14:38 – Her group has done a “neurofeedback” study in HD patients, putting them in an MRI machine and training them to modify their brain activity
14:39 – This training led to specific patterns of brain activity, and improved performance on a simple movement task.
14:42 – Tabrizi suggests that this kind of neurofeedback study isn’t a treatment for HD, but more like “physical therapy for the brain”.
14:53 – Marios Politis from King’s College London uses a brain scan technique called PET scanning to study the brain in HD
14:54 – PET uses injections of chemicals called ‘tracers’ to look at changes in specific cell types in the brain.

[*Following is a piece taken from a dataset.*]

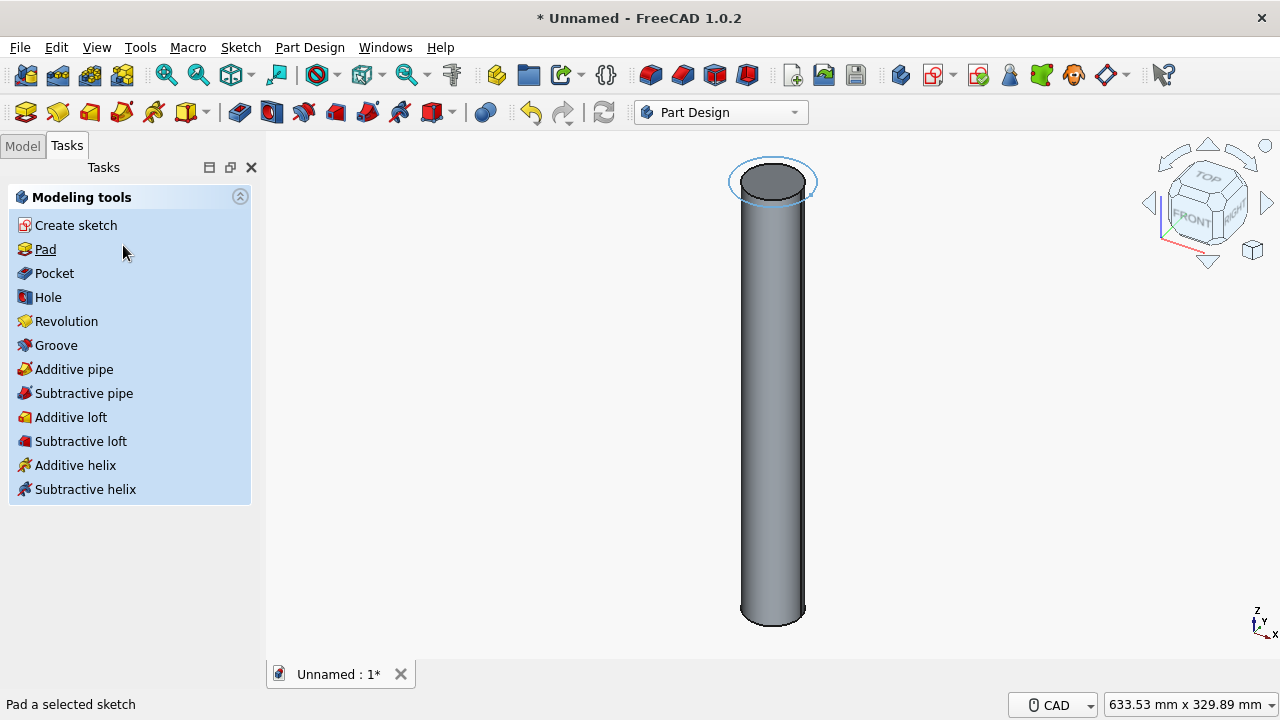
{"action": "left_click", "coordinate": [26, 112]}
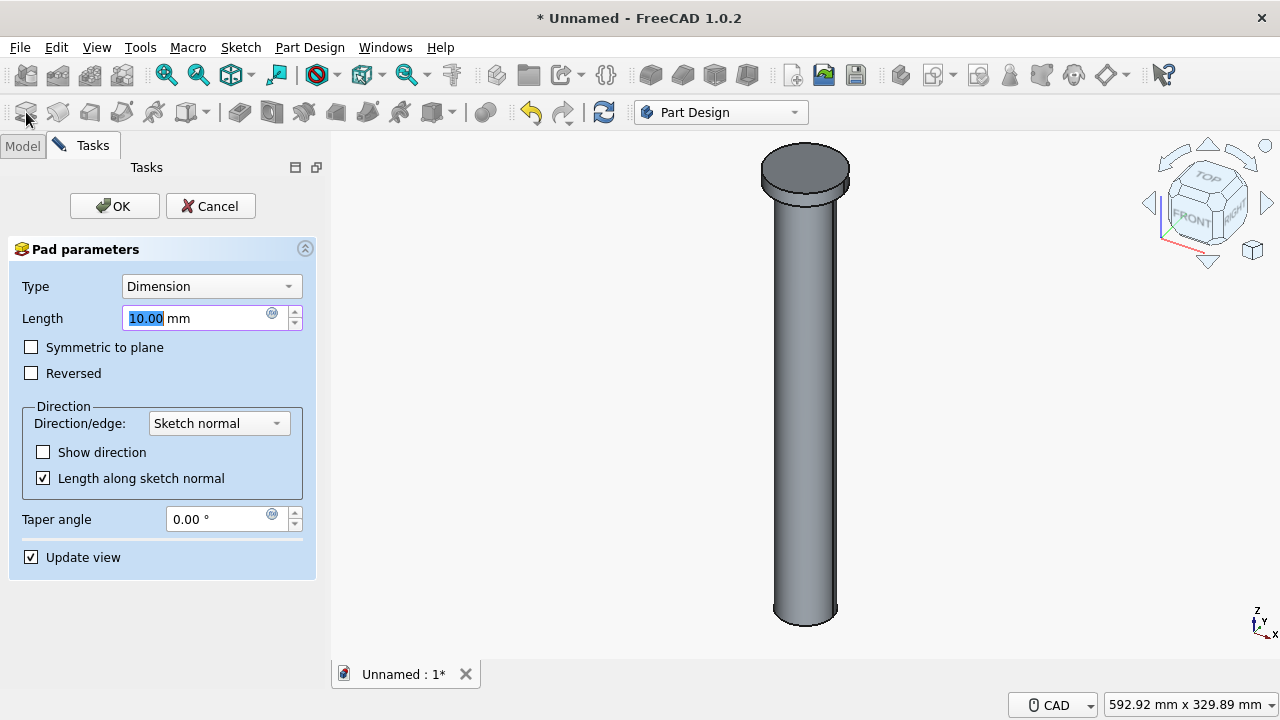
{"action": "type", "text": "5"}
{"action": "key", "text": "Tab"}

14:55 – For example, one tracer shows changes in cells that use the signalling molecule dopamine, while another shows the activation of immune cells
15:08 – Politis: PET is a powerful tool but so many different methods have been used in the past, it’s difficult to be sure what’s going on in HD
15:11 – Politis announces PETMARK-HD, a CHDI-supported study of PET imaging that aims to overcome these issues
15:19 – Politis illustrates the different chemical brain systems that will be looked at in PETMARK-HD http://t.co/mghXgruyAb
15:23 – Politis will also use PET to study the overlapping brain networks that are involved in HD
16:02 – Ray Dorsey of University of Rochester and the Huntington Study Group gives an overview of previous clinical trials in HD
16:09 – However, several trials have shown new possible treatments to be at least safe and well tolerated this year, and many more trials planned
16:13 – The Huntington Study Group publishes HD Insights which regularly offers updates on clinical trials in HD http://hdinsights.org
16:17 – The next generation of trials, starting now and soon, will be of drugs specifically aimed at known problems in Huntington’s disease
16:37 – Finally Prof Bernhard Landwehrmeyer closes up with a look ahead to forthcoming clinical trials
16:38 – Landwehrmeyer: we are now testing drugs designed specifically for HD
16:40 – Future trials will also be strengthened by the use of biomarkers to give clearer ideas of what works and what doesn’t
16:44 – There’s a lot of excitement around the forthcoming trial of Isis Pharmaceuticals' trial of a huntingtin lowering / gene silencing drug
16:44 – But we must remember the trial focuses primarily on safety
16:49 – Landwehrmeyer: people who don’t take part in the first gene silencing trial aren’t missing the boat
16:50 – If the drug proves safe, future trials will be bigger, and there’ll be other new drugs too
16:57 – The Amaryllis trial is studying a drug aimed at improving brain signalling by reducing tha activity of an enzyme called PDE10A
16:59 – More on the Amaryllis trial here: http://www.hdsa.org/research/clinical-trials-1/pfizer-pde10a-inhibitor.html
01:04 – In Europe, a trial of deep brain stimulation – giving small electrical shocks to targeted brain areas – is planned to start in 2015
01:05 – Hopefully DBS will provide an additional treatment option for movement problems that don’t respond to current drugs
01:08 – In summary: trials are happening – all HD family members should think about taking part so we can get these treatments tested ASAP!